• [WHAT TO WORK ON]:
Please output the data exactly, minus pictures.

::::::::::

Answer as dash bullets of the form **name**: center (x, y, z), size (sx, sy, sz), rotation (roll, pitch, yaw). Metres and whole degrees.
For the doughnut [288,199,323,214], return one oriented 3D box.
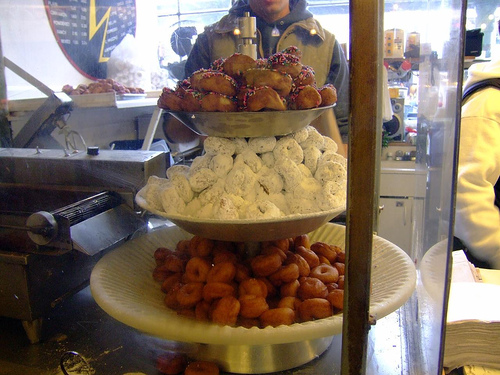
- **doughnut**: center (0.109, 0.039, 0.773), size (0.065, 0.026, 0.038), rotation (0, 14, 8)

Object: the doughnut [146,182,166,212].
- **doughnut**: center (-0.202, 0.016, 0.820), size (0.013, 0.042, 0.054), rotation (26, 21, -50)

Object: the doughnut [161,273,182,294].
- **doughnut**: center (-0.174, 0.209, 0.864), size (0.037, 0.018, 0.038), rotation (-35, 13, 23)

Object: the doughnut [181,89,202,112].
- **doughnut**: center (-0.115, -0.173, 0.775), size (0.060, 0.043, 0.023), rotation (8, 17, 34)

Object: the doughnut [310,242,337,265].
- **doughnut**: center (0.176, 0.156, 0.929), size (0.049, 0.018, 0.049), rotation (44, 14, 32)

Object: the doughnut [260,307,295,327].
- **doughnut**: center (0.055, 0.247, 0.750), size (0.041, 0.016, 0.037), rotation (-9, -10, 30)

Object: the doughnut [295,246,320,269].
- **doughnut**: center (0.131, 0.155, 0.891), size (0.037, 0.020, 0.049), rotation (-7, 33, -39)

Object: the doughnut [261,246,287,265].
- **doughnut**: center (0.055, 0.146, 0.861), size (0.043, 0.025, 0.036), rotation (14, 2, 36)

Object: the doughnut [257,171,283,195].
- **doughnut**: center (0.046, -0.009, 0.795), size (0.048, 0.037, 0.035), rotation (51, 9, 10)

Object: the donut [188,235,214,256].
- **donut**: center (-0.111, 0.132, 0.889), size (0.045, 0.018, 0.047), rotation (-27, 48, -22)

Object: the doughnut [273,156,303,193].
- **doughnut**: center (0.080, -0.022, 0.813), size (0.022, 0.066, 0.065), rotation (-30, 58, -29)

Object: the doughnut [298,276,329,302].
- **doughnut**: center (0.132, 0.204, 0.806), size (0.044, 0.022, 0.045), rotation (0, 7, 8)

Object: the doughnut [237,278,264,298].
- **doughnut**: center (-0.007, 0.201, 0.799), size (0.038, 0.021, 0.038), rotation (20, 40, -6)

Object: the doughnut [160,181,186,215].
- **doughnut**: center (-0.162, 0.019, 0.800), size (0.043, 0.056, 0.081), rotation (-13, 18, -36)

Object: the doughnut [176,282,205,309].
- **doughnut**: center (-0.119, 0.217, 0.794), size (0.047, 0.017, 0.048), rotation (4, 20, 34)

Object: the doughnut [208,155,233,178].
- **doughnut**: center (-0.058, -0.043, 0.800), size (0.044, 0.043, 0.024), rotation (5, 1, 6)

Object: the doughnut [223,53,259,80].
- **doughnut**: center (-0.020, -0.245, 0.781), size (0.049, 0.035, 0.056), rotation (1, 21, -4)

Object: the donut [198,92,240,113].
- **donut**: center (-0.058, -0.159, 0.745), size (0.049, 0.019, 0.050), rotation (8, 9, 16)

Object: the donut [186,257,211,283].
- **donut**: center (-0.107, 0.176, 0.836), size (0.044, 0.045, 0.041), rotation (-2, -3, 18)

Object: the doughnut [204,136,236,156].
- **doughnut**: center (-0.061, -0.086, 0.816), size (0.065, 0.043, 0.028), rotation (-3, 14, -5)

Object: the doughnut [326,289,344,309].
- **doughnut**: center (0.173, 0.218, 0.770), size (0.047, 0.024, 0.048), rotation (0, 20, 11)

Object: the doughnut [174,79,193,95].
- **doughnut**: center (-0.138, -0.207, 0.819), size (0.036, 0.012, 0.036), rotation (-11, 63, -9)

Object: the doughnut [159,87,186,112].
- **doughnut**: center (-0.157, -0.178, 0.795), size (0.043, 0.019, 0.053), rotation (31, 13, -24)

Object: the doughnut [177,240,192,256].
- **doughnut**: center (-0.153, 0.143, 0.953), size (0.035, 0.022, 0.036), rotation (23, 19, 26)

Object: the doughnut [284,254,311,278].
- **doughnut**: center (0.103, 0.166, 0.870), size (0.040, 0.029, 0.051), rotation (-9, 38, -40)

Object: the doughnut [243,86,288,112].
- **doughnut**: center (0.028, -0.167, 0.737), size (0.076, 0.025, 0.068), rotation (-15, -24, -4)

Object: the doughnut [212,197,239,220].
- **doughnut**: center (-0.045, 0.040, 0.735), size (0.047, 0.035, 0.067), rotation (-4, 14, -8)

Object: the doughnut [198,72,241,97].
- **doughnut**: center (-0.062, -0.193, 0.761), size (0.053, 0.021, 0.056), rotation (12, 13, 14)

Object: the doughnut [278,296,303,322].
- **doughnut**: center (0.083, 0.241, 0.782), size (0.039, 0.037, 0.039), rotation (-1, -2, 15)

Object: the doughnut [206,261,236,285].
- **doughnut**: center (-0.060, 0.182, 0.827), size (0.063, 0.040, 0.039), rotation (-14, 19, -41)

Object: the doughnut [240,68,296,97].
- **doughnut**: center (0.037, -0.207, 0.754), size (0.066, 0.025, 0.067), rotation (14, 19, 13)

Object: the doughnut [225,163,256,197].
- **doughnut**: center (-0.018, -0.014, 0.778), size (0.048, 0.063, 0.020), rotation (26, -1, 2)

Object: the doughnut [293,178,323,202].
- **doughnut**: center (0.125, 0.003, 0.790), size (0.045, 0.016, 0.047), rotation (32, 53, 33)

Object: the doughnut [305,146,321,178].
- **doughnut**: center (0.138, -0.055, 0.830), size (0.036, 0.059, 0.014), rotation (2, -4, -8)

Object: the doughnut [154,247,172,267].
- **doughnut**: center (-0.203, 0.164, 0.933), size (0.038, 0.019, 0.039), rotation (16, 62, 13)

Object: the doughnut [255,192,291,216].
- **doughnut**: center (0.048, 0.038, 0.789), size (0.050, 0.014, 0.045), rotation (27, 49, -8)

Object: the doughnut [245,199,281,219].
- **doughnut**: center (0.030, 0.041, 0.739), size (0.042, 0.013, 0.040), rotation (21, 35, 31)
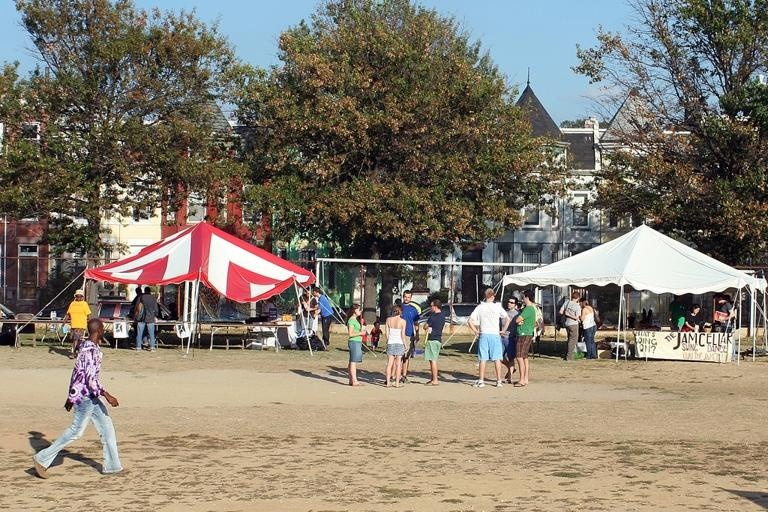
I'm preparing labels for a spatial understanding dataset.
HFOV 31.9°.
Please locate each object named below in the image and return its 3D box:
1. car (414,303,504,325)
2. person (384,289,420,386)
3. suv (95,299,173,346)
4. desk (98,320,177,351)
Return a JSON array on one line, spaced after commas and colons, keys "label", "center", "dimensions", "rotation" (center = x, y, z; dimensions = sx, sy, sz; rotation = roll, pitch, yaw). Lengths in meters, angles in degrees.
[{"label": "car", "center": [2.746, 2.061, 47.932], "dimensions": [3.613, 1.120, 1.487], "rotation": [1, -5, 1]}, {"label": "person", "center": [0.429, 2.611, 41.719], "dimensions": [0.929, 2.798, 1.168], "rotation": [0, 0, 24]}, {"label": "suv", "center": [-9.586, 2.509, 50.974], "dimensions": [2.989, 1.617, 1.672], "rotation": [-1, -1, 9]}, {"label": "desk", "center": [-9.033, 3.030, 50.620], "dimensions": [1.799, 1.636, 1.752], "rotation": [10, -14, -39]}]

::::::::::

• [EXERCISE RESPONSE]:
Answer as dash bullets of the form **name**: center (x, y, z), size (sx, sy, sz), rotation (roll, pitch, yaw). Metres and whole degrees.
For the doughnut [288,199,323,214], return one oriented 3D box.
- **doughnut**: center (0.109, 0.039, 0.773), size (0.065, 0.026, 0.038), rotation (0, 14, 8)

Object: the doughnut [146,182,166,212].
- **doughnut**: center (-0.202, 0.016, 0.820), size (0.013, 0.042, 0.054), rotation (26, 21, -50)

Object: the doughnut [161,273,182,294].
- **doughnut**: center (-0.174, 0.209, 0.864), size (0.037, 0.018, 0.038), rotation (-35, 13, 23)

Object: the doughnut [181,89,202,112].
- **doughnut**: center (-0.115, -0.173, 0.775), size (0.060, 0.043, 0.023), rotation (8, 17, 34)

Object: the doughnut [310,242,337,265].
- **doughnut**: center (0.176, 0.156, 0.929), size (0.049, 0.018, 0.049), rotation (44, 14, 32)

Object: the doughnut [260,307,295,327].
- **doughnut**: center (0.055, 0.247, 0.750), size (0.041, 0.016, 0.037), rotation (-9, -10, 30)

Object: the doughnut [295,246,320,269].
- **doughnut**: center (0.131, 0.155, 0.891), size (0.037, 0.020, 0.049), rotation (-7, 33, -39)

Object: the doughnut [261,246,287,265].
- **doughnut**: center (0.055, 0.146, 0.861), size (0.043, 0.025, 0.036), rotation (14, 2, 36)

Object: the doughnut [257,171,283,195].
- **doughnut**: center (0.046, -0.009, 0.795), size (0.048, 0.037, 0.035), rotation (51, 9, 10)

Object: the donut [188,235,214,256].
- **donut**: center (-0.111, 0.132, 0.889), size (0.045, 0.018, 0.047), rotation (-27, 48, -22)

Object: the doughnut [273,156,303,193].
- **doughnut**: center (0.080, -0.022, 0.813), size (0.022, 0.066, 0.065), rotation (-30, 58, -29)

Object: the doughnut [298,276,329,302].
- **doughnut**: center (0.132, 0.204, 0.806), size (0.044, 0.022, 0.045), rotation (0, 7, 8)

Object: the doughnut [237,278,264,298].
- **doughnut**: center (-0.007, 0.201, 0.799), size (0.038, 0.021, 0.038), rotation (20, 40, -6)

Object: the doughnut [160,181,186,215].
- **doughnut**: center (-0.162, 0.019, 0.800), size (0.043, 0.056, 0.081), rotation (-13, 18, -36)

Object: the doughnut [176,282,205,309].
- **doughnut**: center (-0.119, 0.217, 0.794), size (0.047, 0.017, 0.048), rotation (4, 20, 34)

Object: the doughnut [208,155,233,178].
- **doughnut**: center (-0.058, -0.043, 0.800), size (0.044, 0.043, 0.024), rotation (5, 1, 6)

Object: the doughnut [223,53,259,80].
- **doughnut**: center (-0.020, -0.245, 0.781), size (0.049, 0.035, 0.056), rotation (1, 21, -4)

Object: the donut [198,92,240,113].
- **donut**: center (-0.058, -0.159, 0.745), size (0.049, 0.019, 0.050), rotation (8, 9, 16)

Object: the donut [186,257,211,283].
- **donut**: center (-0.107, 0.176, 0.836), size (0.044, 0.045, 0.041), rotation (-2, -3, 18)

Object: the doughnut [204,136,236,156].
- **doughnut**: center (-0.061, -0.086, 0.816), size (0.065, 0.043, 0.028), rotation (-3, 14, -5)

Object: the doughnut [326,289,344,309].
- **doughnut**: center (0.173, 0.218, 0.770), size (0.047, 0.024, 0.048), rotation (0, 20, 11)

Object: the doughnut [174,79,193,95].
- **doughnut**: center (-0.138, -0.207, 0.819), size (0.036, 0.012, 0.036), rotation (-11, 63, -9)

Object: the doughnut [159,87,186,112].
- **doughnut**: center (-0.157, -0.178, 0.795), size (0.043, 0.019, 0.053), rotation (31, 13, -24)

Object: the doughnut [177,240,192,256].
- **doughnut**: center (-0.153, 0.143, 0.953), size (0.035, 0.022, 0.036), rotation (23, 19, 26)

Object: the doughnut [284,254,311,278].
- **doughnut**: center (0.103, 0.166, 0.870), size (0.040, 0.029, 0.051), rotation (-9, 38, -40)

Object: the doughnut [243,86,288,112].
- **doughnut**: center (0.028, -0.167, 0.737), size (0.076, 0.025, 0.068), rotation (-15, -24, -4)

Object: the doughnut [212,197,239,220].
- **doughnut**: center (-0.045, 0.040, 0.735), size (0.047, 0.035, 0.067), rotation (-4, 14, -8)

Object: the doughnut [198,72,241,97].
- **doughnut**: center (-0.062, -0.193, 0.761), size (0.053, 0.021, 0.056), rotation (12, 13, 14)

Object: the doughnut [278,296,303,322].
- **doughnut**: center (0.083, 0.241, 0.782), size (0.039, 0.037, 0.039), rotation (-1, -2, 15)

Object: the doughnut [206,261,236,285].
- **doughnut**: center (-0.060, 0.182, 0.827), size (0.063, 0.040, 0.039), rotation (-14, 19, -41)

Object: the doughnut [240,68,296,97].
- **doughnut**: center (0.037, -0.207, 0.754), size (0.066, 0.025, 0.067), rotation (14, 19, 13)

Object: the doughnut [225,163,256,197].
- **doughnut**: center (-0.018, -0.014, 0.778), size (0.048, 0.063, 0.020), rotation (26, -1, 2)

Object: the doughnut [293,178,323,202].
- **doughnut**: center (0.125, 0.003, 0.790), size (0.045, 0.016, 0.047), rotation (32, 53, 33)

Object: the doughnut [305,146,321,178].
- **doughnut**: center (0.138, -0.055, 0.830), size (0.036, 0.059, 0.014), rotation (2, -4, -8)

Object: the doughnut [154,247,172,267].
- **doughnut**: center (-0.203, 0.164, 0.933), size (0.038, 0.019, 0.039), rotation (16, 62, 13)

Object: the doughnut [255,192,291,216].
- **doughnut**: center (0.048, 0.038, 0.789), size (0.050, 0.014, 0.045), rotation (27, 49, -8)

Object: the doughnut [245,199,281,219].
- **doughnut**: center (0.030, 0.041, 0.739), size (0.042, 0.013, 0.040), rotation (21, 35, 31)
I'm preparing labels for a spatial understanding dataset.
HFOV 31.9°.
Please locate each object named below in the image and return its 3D box:
1. car (414,303,504,325)
2. person (384,289,420,386)
3. suv (95,299,173,346)
4. desk (98,320,177,351)
Return a JSON array on one line, spaced after commas and colons, keys "label", "center", "dimensions", "rotation" (center = x, y, z; dimensions = sx, sy, sz; rotation = roll, pitch, yaw). Lengths in meters, angles in degrees.
[{"label": "car", "center": [2.746, 2.061, 47.932], "dimensions": [3.613, 1.120, 1.487], "rotation": [1, -5, 1]}, {"label": "person", "center": [0.429, 2.611, 41.719], "dimensions": [0.929, 2.798, 1.168], "rotation": [0, 0, 24]}, {"label": "suv", "center": [-9.586, 2.509, 50.974], "dimensions": [2.989, 1.617, 1.672], "rotation": [-1, -1, 9]}, {"label": "desk", "center": [-9.033, 3.030, 50.620], "dimensions": [1.799, 1.636, 1.752], "rotation": [10, -14, -39]}]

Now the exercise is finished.